What needs to be done.
The expected output is a copy of every line in the records with the string "draagmuur".

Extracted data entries
====================

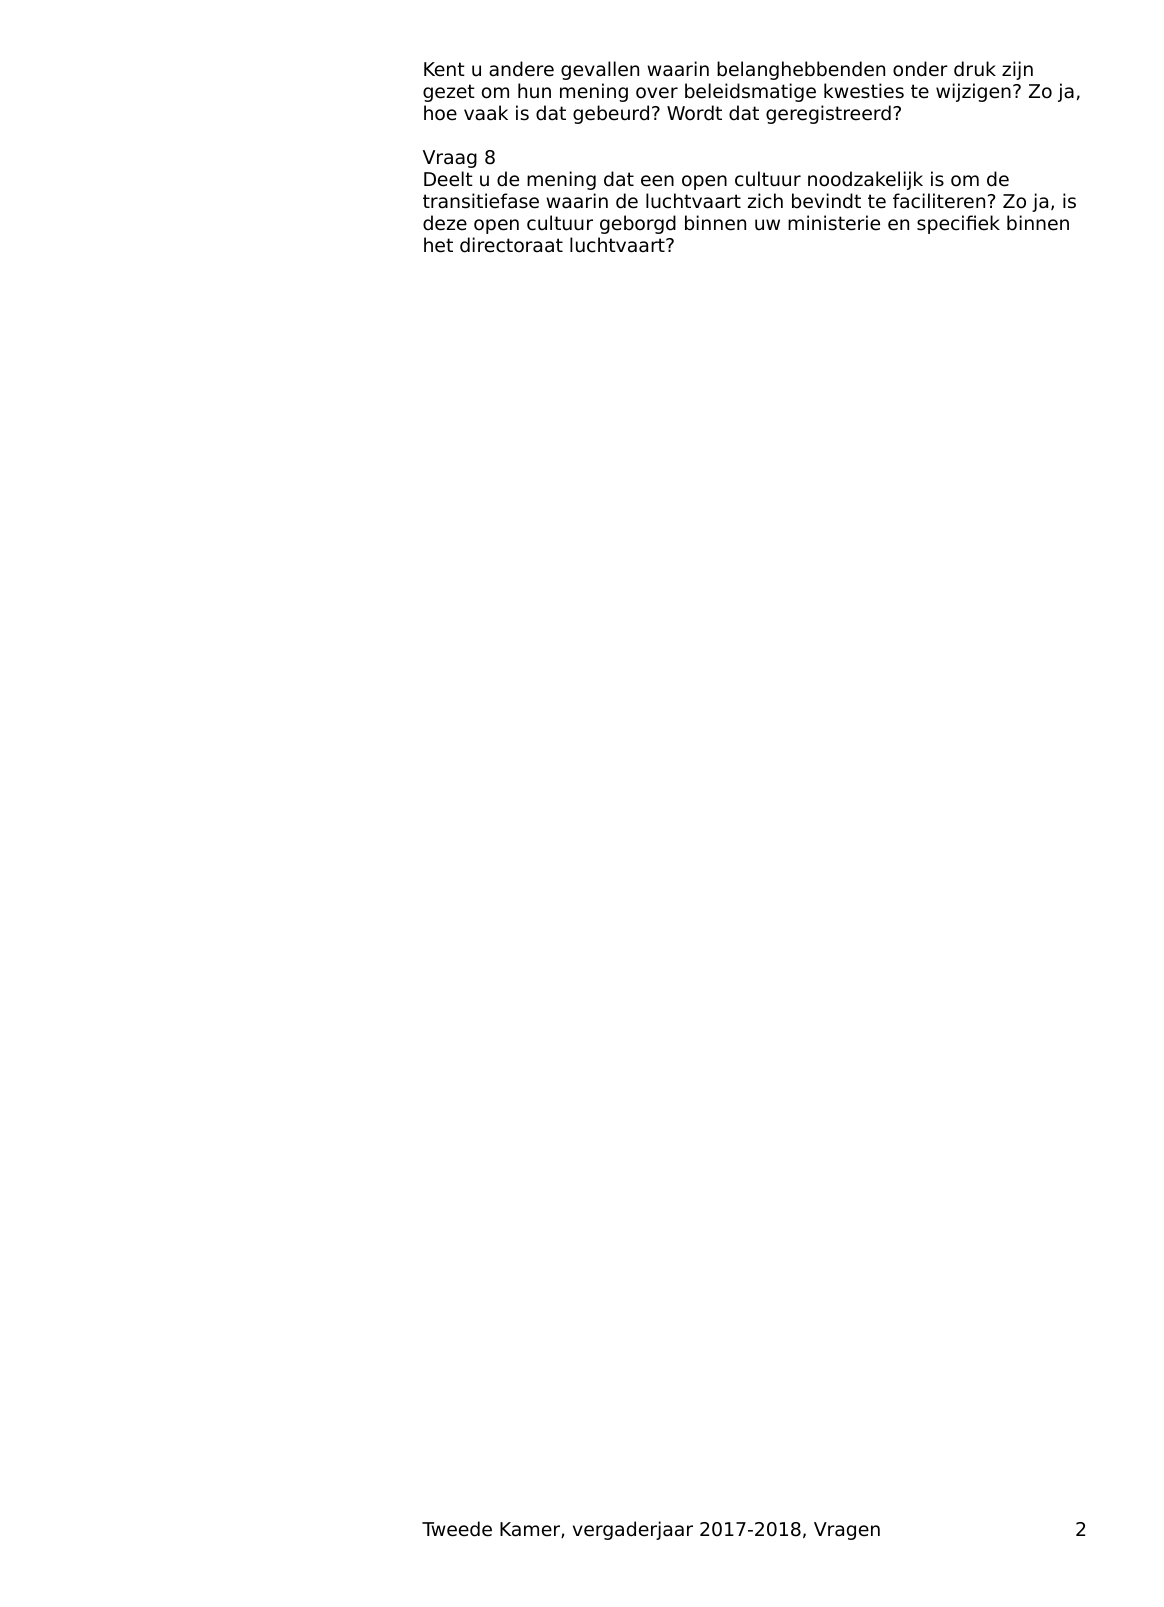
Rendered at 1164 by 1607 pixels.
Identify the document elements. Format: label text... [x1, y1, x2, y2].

text Kent u andere gevallen waarin belanghebbenden onder druk zijn gezet om hun mening over beleidsmatige kwesties te wijzigen? Zo ja, hoe vaak is dat gebeurd? Wordt dat geregistreerd? [422, 59, 1087, 125]
text Deelt u de mening dat een open cultuur noodzakelijk is om de transitiefase waarin de luchtvaart zich bevindt te faciliteren? Zo ja, is deze open cultuur geborgd binnen uw ministerie en specifiek binnen het directoraat luchtvaart? [422, 169, 1087, 257]
text Vraag 8 [422, 147, 1087, 169]
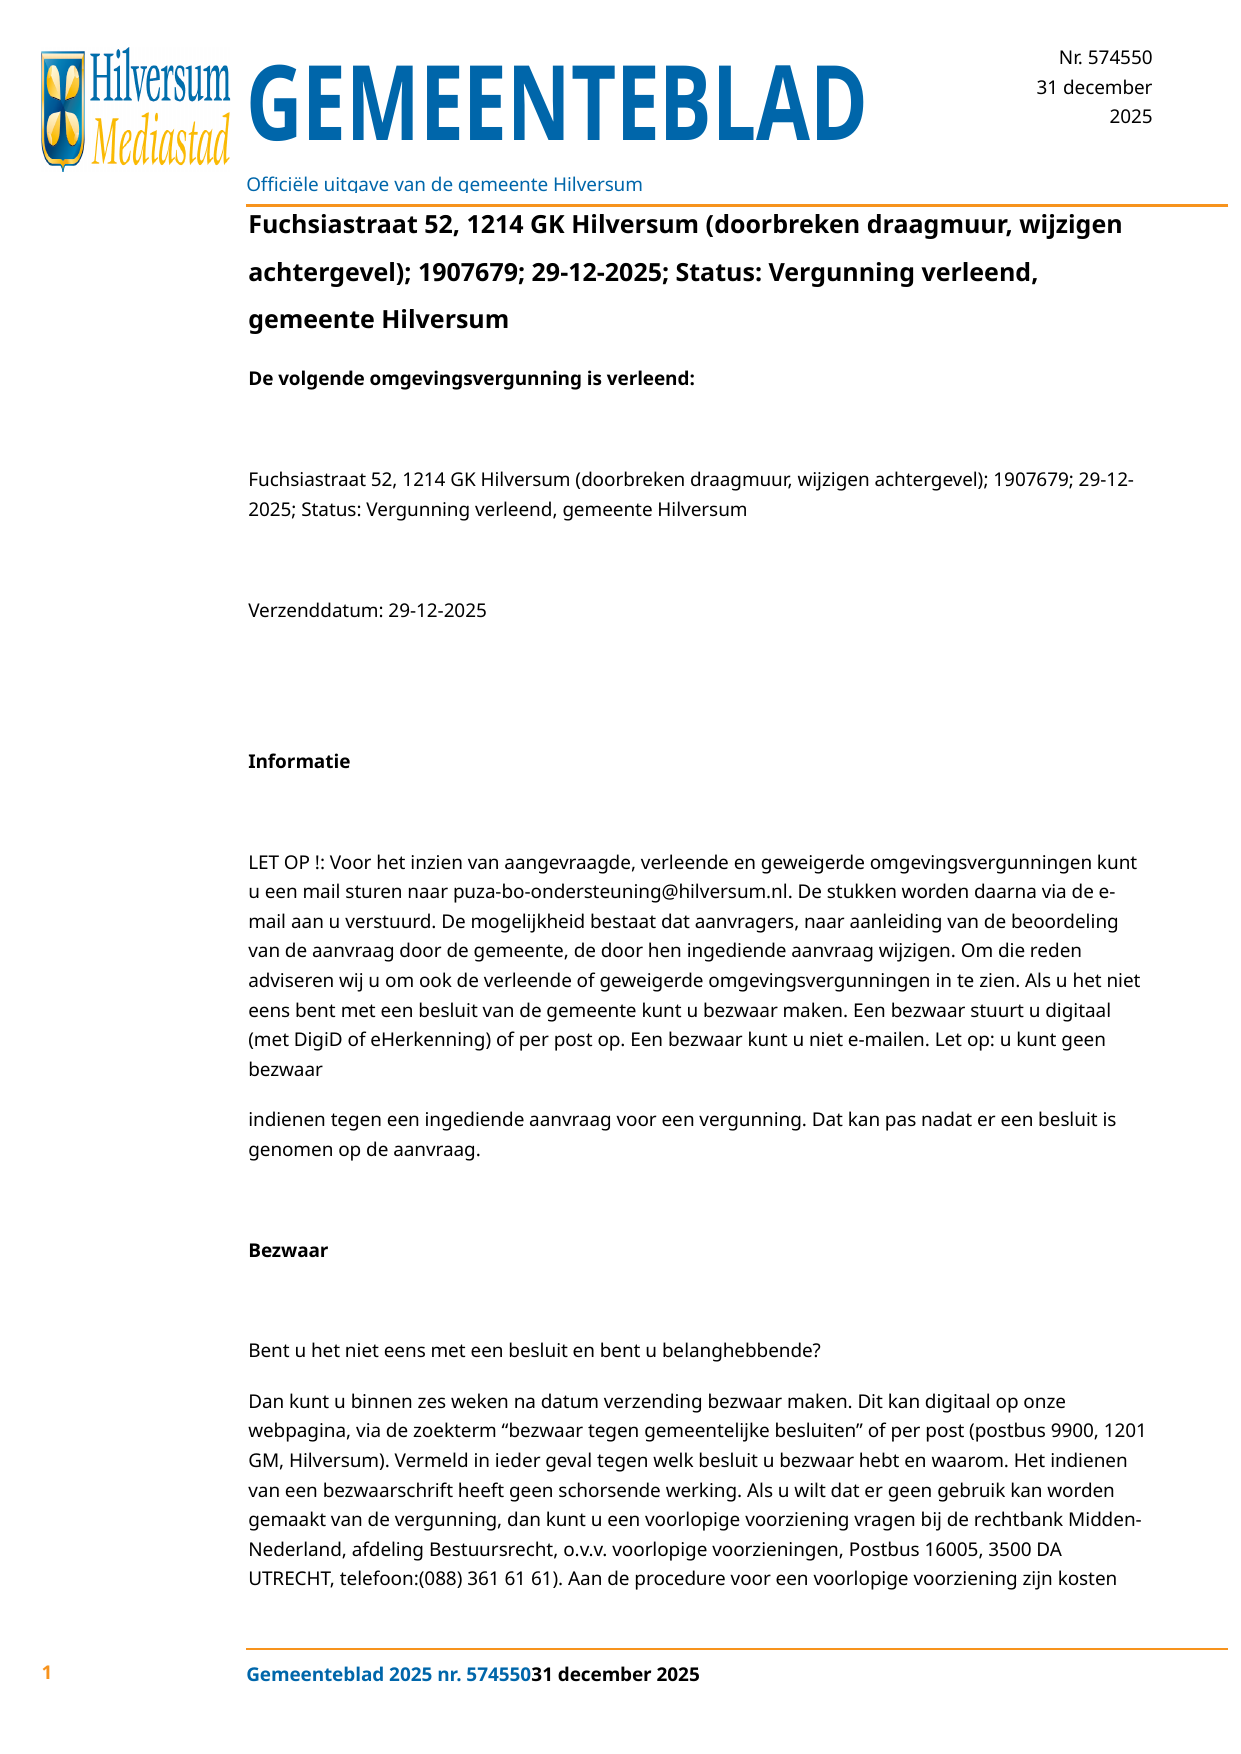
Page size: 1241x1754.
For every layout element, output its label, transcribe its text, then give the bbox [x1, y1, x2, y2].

text Verzenddatum: 29-12-2025 [248, 597, 1152, 622]
text indienen tegen een ingediende aanvraag voor een vergunning. Dat kan pas nadat er een besluit is genomen op de aanvraag. [248, 1106, 1152, 1162]
text Bent u het niet eens met een besluit en bent u belanghebbende? [248, 1338, 1152, 1363]
picture [41, 47, 231, 172]
text Fuchsiastraat 52, 1214 GK Hilversum (doorbreken draagmuur, wijzigen achtergevel); 1907679; 29-12-2025; Status: Vergunning verleend, gemeente Hilversum [248, 466, 1152, 522]
text Bezwaar [248, 1237, 1152, 1262]
text Dan kunt u binnen zes weken na datum verzending bezwaar maken. Dit kan digitaal op onze webpagina, via de zoekterm “bezwaar tegen gemeentelijke besluiten” of per post (postbus 9900, 1201 GM, Hilversum). Vermeld in ieder geval tegen welk besluit u bezwaar hebt en waarom. Het indienen van een bezwaarschrift heeft geen schorsende werking. Als u wilt dat er geen gebruik kan worden gemaakt van de vergunning, dan kunt u een voorlopige voorziening vragen bij de rechtbank Midden-Nederland, afdeling Bestuursrecht, o.v.v. voorlopige voorzieningen, Postbus 16005, 3500 DA UTRECHT, telefoon:(088) 361 61 61). Aan de procedure voor een voorlopige voorziening zijn kosten [248, 1388, 1152, 1591]
text LET OP !: Voor het inzien van aangevraagde, verleende en geweigerde omgevingsvergunningen kunt u een mail sturen naar puza-bo-ondersteuning@hilversum.nl. De stukken worden daarna via de e-mail aan u verstuurd. De mogelijkheid bestaat dat aanvragers, naar aanleiding van de beoordeling van de aanvraag door de gemeente, de door hen ingediende aanvraag wijzigen. Om die reden adviseren wij u om ook de verleende of geweigerde omgevingsvergunningen in te zien. Als u het niet eens bent met een besluit van de gemeente kunt u bezwaar maken. Een bezwaar stuurt u digitaal (met DigiD of eHerkenning) of per post op. Een bezwaar kunt u niet e-mailen. Let op: u kunt geen bezwaar [248, 849, 1152, 1082]
text Fuchsiastraat 52, 1214 GK Hilversum (doorbreken draagmuur, wijzigen achtergevel); 1907679; 29-12-2025; Status: Vergunning verleend, gemeente Hilversum [248, 207, 1152, 336]
text De volgende omgevingsvergunning is verleend: [248, 366, 1152, 391]
text Informatie [248, 748, 1152, 774]
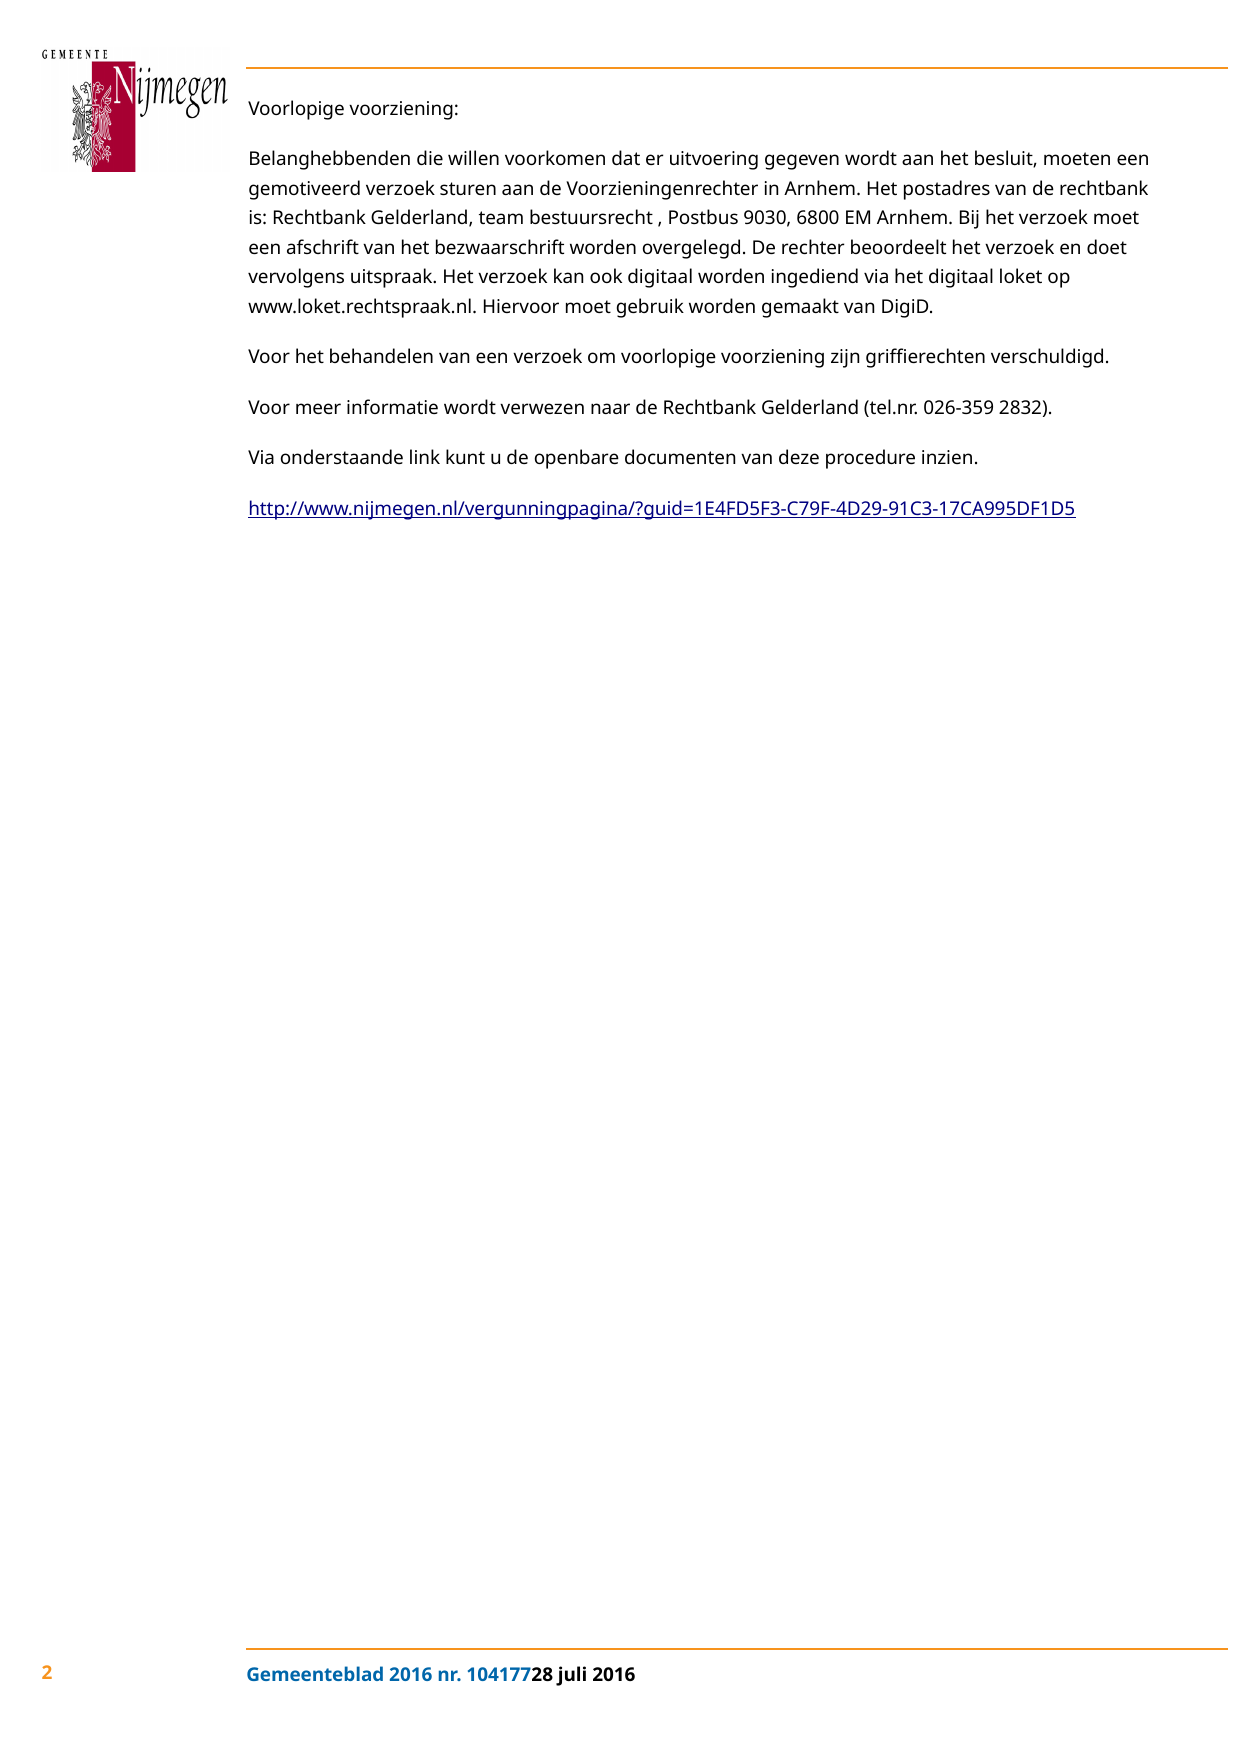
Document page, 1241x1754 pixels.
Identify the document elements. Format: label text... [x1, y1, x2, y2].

text Belanghebbenden die willen voorkomen dat er uitvoering gegeven wordt aan het besluit, moeten een gemotiveerd verzoek sturen aan de Voorzieningenrechter in Arnhem. Het postadres van de rechtbank is: Rechtbank Gelderland, team bestuursrecht , Postbus 9030, 6800 EM Arnhem. Bij het verzoek moet een afschrift van het bezwaarschrift worden overgelegd. De rechter beoordeelt het verzoek en doet vervolgens uitspraak. Het verzoek kan ook digitaal worden ingediend via het digitaal loket op www.loket.rechtspraak.nl. Hiervoor moet gebruik worden gemaakt van DigiD. [248, 145, 1152, 319]
text http://www.nijmegen.nl/vergunningpagina/?guid=1E4FD5F3-C79F-4D29-91C3-17CA995DF1D5 [248, 495, 1152, 521]
text Voor het behandelen van een verzoek om voorlopige voorziening zijn griffierechten verschuldigd. [248, 343, 1152, 369]
text Voor meer informatie wordt verwezen naar de Rechtbank Gelderland (tel.nr. 026-359 2832). [248, 394, 1152, 420]
text Voorlopige voorziening: [248, 95, 1152, 121]
picture [41, 47, 231, 172]
text Via onderstaande link kunt u de openbare documenten van deze procedure inzien. [248, 444, 1152, 470]

====================

Result of this exercise.
text Fuchsiastraat 52, 1214 GK Hilversum (doorbreken draagmuur, wijzigen achtergevel); 1907679; 29-12-2025; Status: Vergunning verleend, gemeente Hilversum [248, 466, 1152, 522]
text Fuchsiastraat 52, 1214 GK Hilversum (doorbreken draagmuur, wijzigen achtergevel); 1907679; 29-12-2025; Status: Vergunning verleend, gemeente Hilversum [248, 207, 1152, 336]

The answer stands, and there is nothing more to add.